For the millions of women who left the paid workforce at the start of the pandemic and haven’t yet returned, the two-year mark is significant. This is the point at which the gap in work history becomes much harder to overcome. In fact, as two years turn into three, one study suggests the chances of getting an interview fall by more than 50%.

Employer bias is not the only barrier that women will need to overcome to get back to paid work. Entrenched gender roles within different-sex couples can push women out of the workforce more readily and make it harder for them to return.

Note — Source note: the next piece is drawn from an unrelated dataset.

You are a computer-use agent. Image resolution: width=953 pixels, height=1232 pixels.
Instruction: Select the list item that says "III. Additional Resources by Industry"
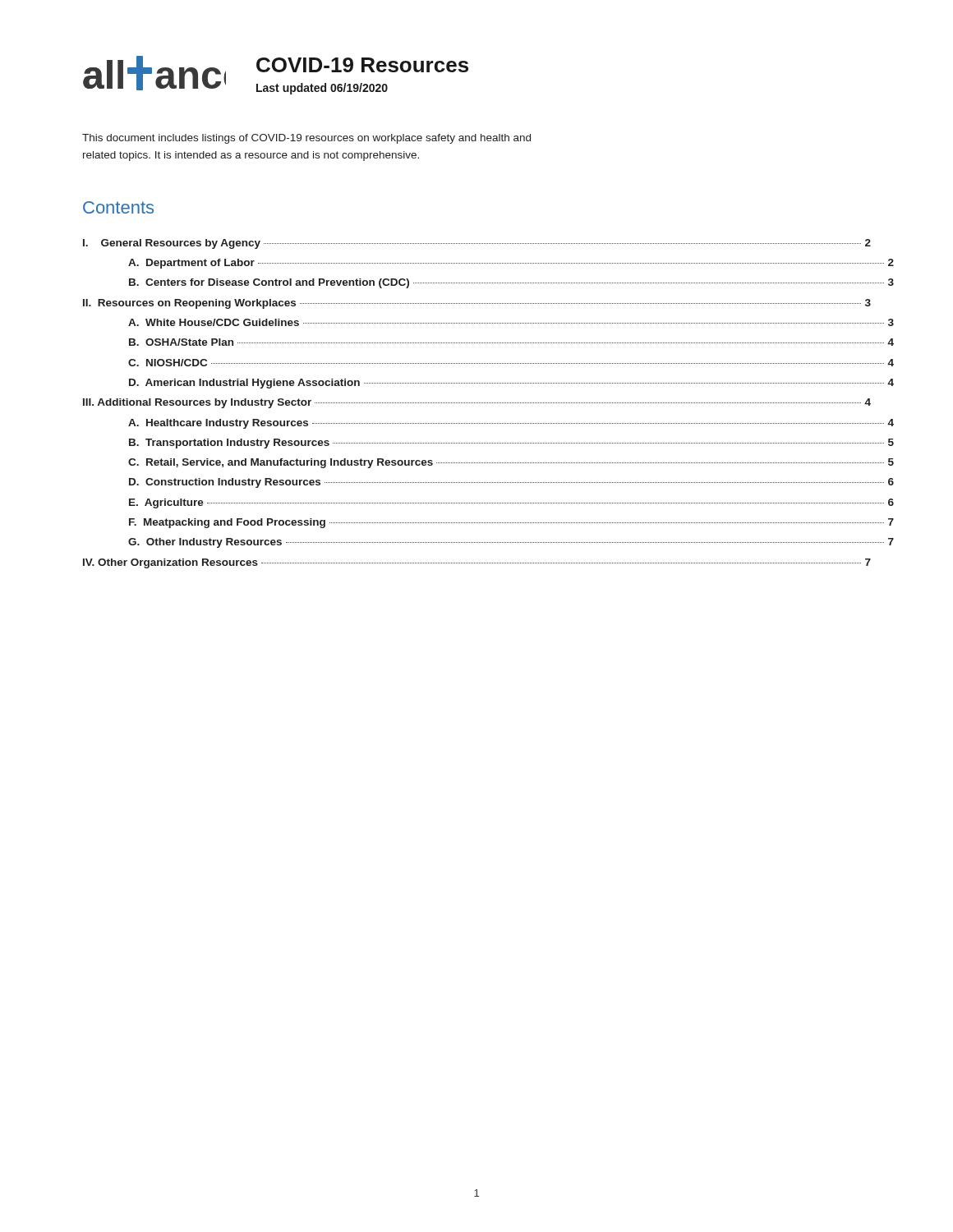pyautogui.click(x=476, y=403)

A paper by sociologist Jessica Calarco found that different-sex, dual-earner couples grappled with the increased parenting duties of the pandemic in mostly unequal ways, even when that was a reversion from formerly more egalitarian relationships and even when those arrangements negatively affected mothers. These traditionally gendered arrangements were justified as a matter of “practicality” if the mother could more easily work remotely but also by the concept that mothers are “more natural” at caregiving in situations where it was less practical. In other words, “it just made sense” for Mom to do more, and if it actually didn’t make sense, then, well, she’s just better at it.

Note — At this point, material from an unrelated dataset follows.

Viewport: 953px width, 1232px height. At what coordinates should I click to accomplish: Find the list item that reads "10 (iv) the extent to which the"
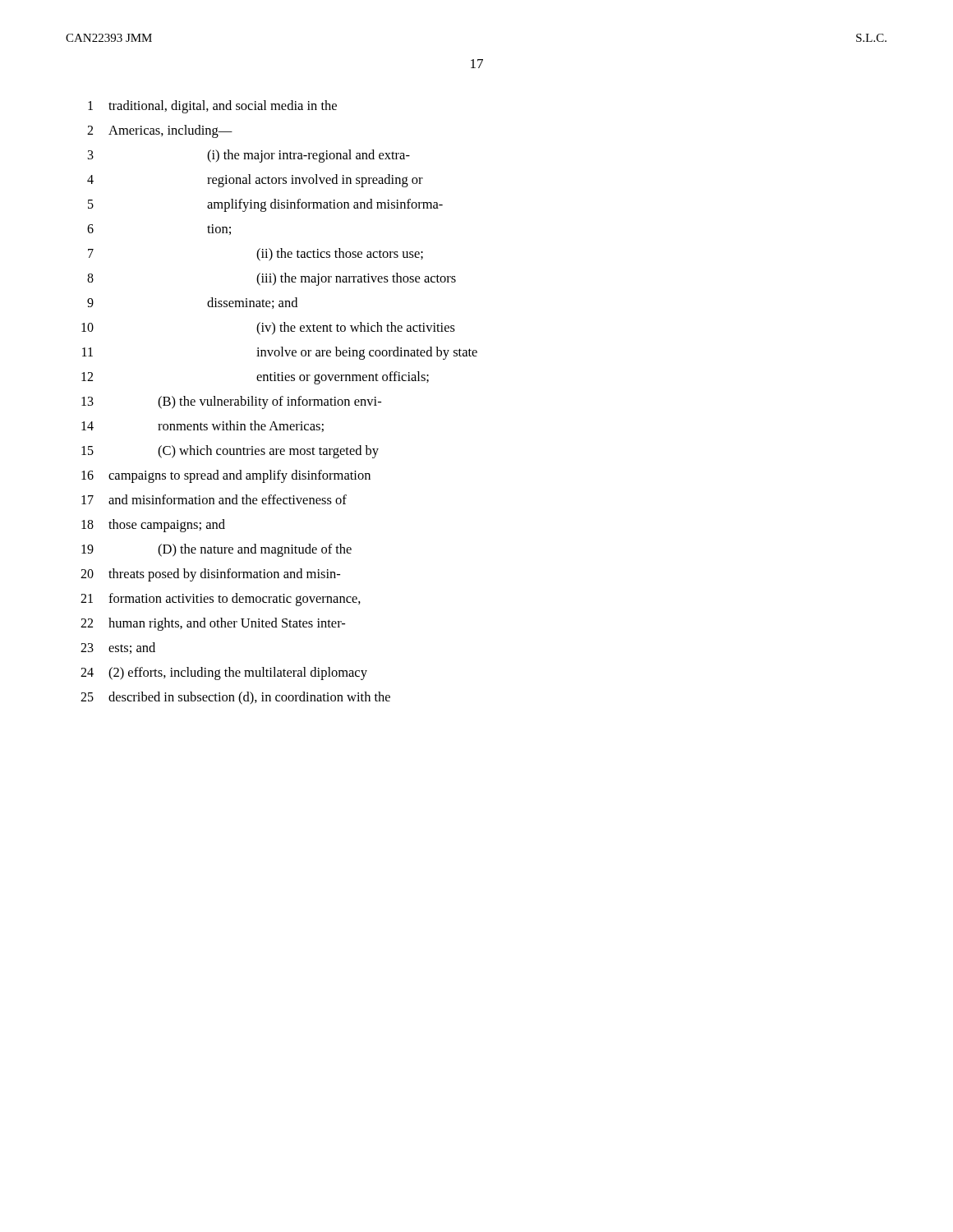coord(268,329)

It’s not surprising then to find that different-sex couples view a woman’s unemployment differently than they do a man’s. Early in 2020, before the pandemic was even a factor, sociologist Aliya Hamid Rao published a book titled Crunch Time, in which she found that heterosexual couples treated unemployment differently depending on whether it was the man or the woman who was unemployed, even in cases where the woman’s income was equal to or greater than the man’s. Women’s unemployment was not treated as an urgent priority, and couples did not protect her time from additional unpaid labor in order to accommodate for job hunting.

Of course, these three factors were all in place long before the pandemic. This is why women’s workforce participation rates stalled back in the ’90s.

It’s not just the individual women taking the financial hit who suffer. If women leave the workforce when they don’t want to, can’t return when they do want to, or aren’t promoted because they have school pickup at 3 p.m. every weekday, we all miss out. Their time and talents aren’t contributing to our economy and solving the problems of our society.

If we want to stop the caregiving crisis from killing women’s careers, we need corporate America to wake up and realize that they are part of the problem and that other barriers beyond their control need to be recognized and addressed. Employers need to grapple with their own bias around career breaks, specifically those for caregiving, and welcome people who want to return to paid work—whether they’ve been out for two years or 20. They need to implement policies of paid leave and flexible schedules that will make it realistic for parents and other caregivers to work and care for their families, both on a daily basis and when big challenges throw the balance of the career/caregiving dynamic.

Corporate leaders also need to stop treating the infrastructure of care as if it is not their problem. The pandemic made clear this isn’t true: Employers lost valuable employees when schools and day cares closed, and staff shortages ensued. Corporate leaders should provide private care benefits to support their employees and advocate for public solutions that would benefit everyone.

Finally, corporate leaders need to become more attuned to gender dynamics, both at home and in their offices and recognize the impact of those dynamics. Unequal domestic labor confers a competitive edge for some employees over others. Leaders should review pay and promotions to see if some employees have an unfair advantage that they are using to get ahead. Paid leave and flexibility programs must be made available to men, and leaders need to push the men on their teams to take leave so that people can see men are equally responsible and capable as caregivers.

Only when we start to address these systemic challenges will we be able to truly unleash the creative potential of everyone, regardless of gender or caregiving status.

Tami Forman is the executive director of Path Forward.